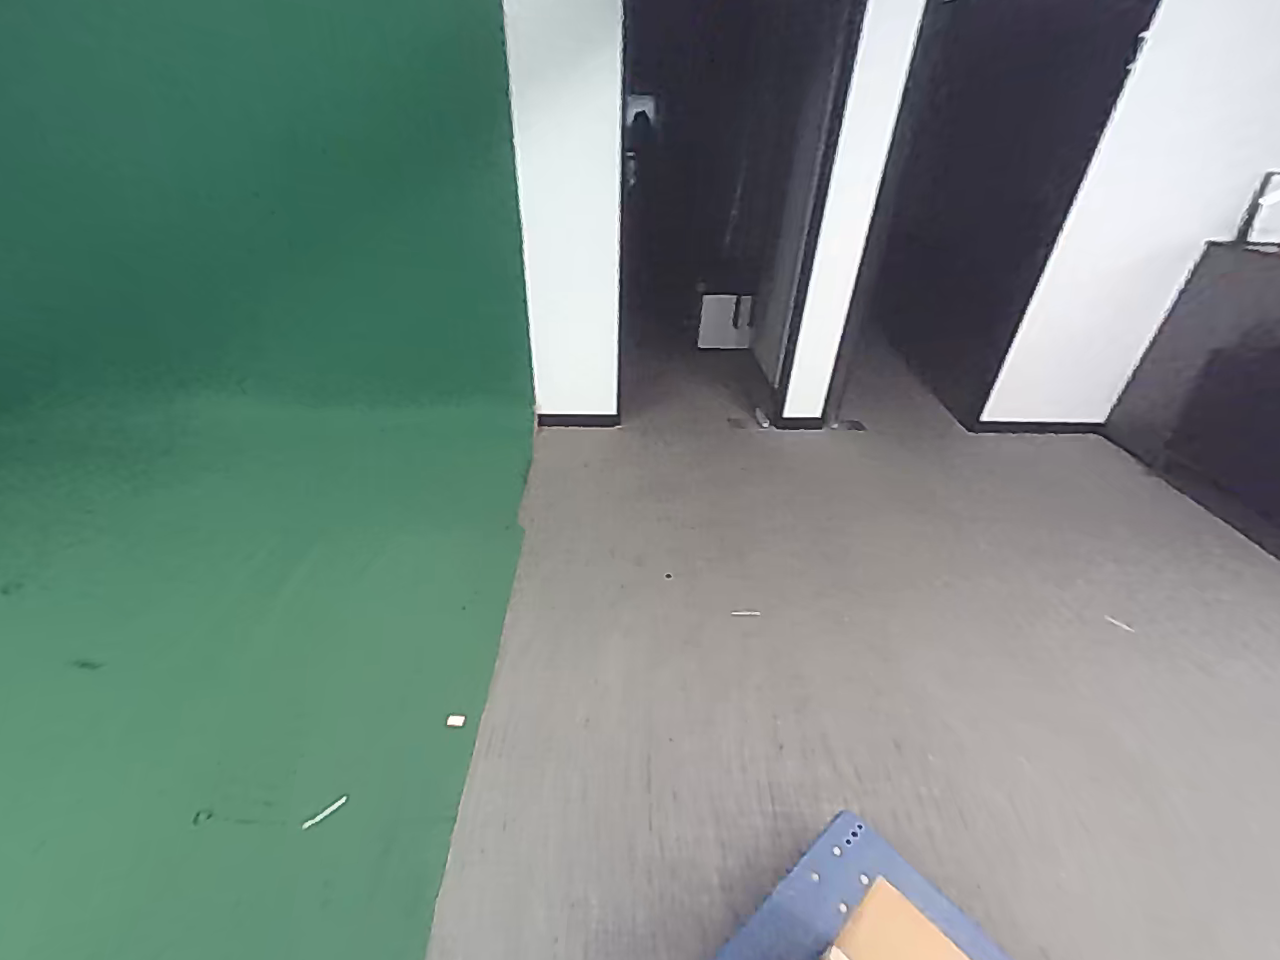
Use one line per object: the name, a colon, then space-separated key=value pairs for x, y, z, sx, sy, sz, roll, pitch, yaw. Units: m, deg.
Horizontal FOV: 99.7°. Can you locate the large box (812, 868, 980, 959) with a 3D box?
large box: x=0.423 y=0.921 z=0.801 sx=0.320 sy=0.320 sz=0.408 roll=-26 pitch=42 yaw=-34
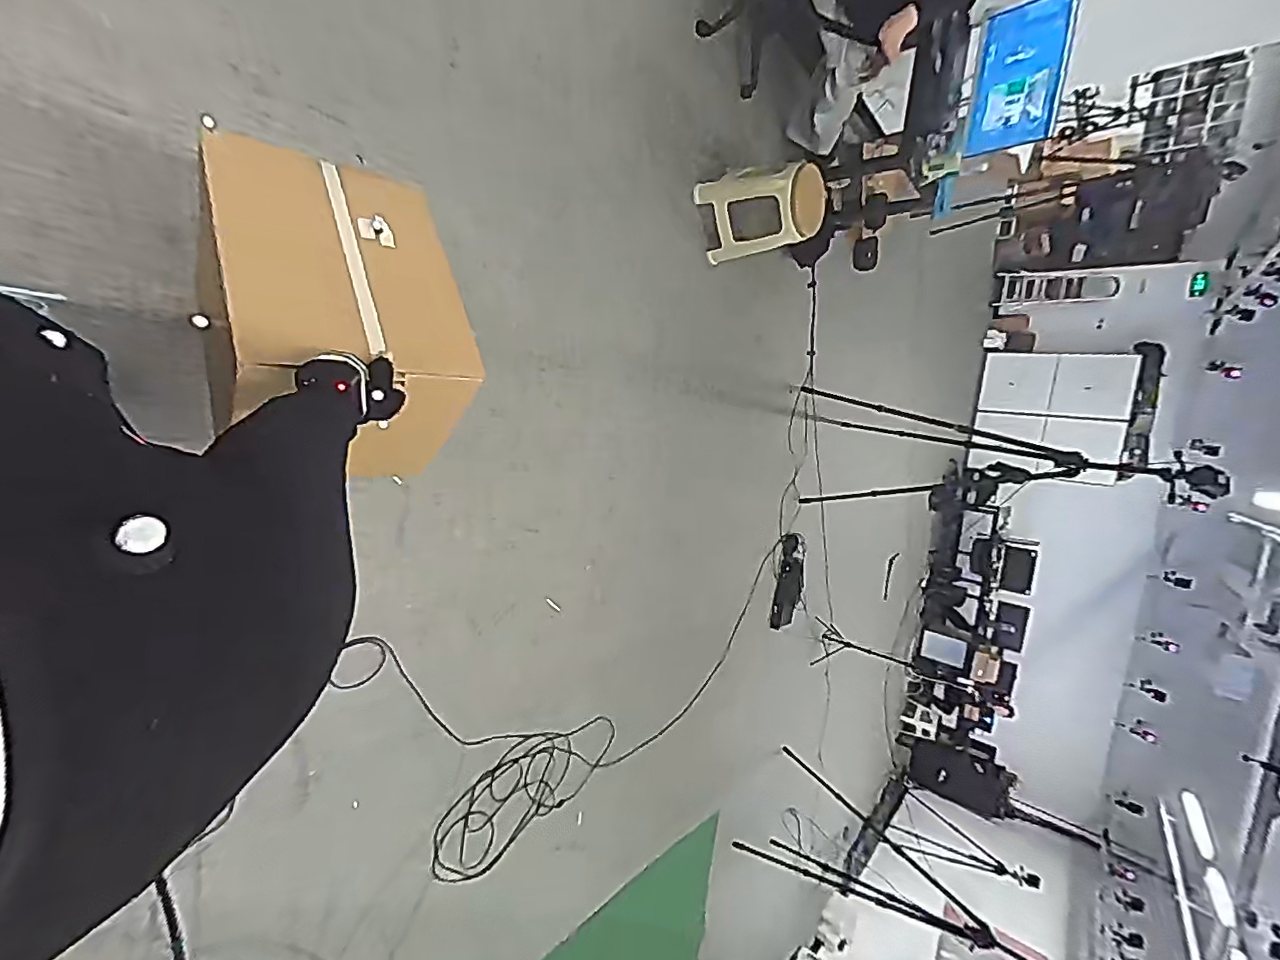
+ + + + +
_INSTRUCTIONS TO FOLLOW_: Please output the full listing above exactly, minus any pictures.

_RESPONSE FOR THIS EXERCISE_:
Use one line per object: the name, a colon, then space-separated key=value pairs for x, y, z, sx, sy, sz, roll, pitch, yaw. Units: m, deg.
Horizontal FOV: 99.7°. Can you locate the large box (812, 868, 980, 959) with a 3D box?
large box: x=0.423 y=0.921 z=0.801 sx=0.320 sy=0.320 sz=0.408 roll=-26 pitch=42 yaw=-34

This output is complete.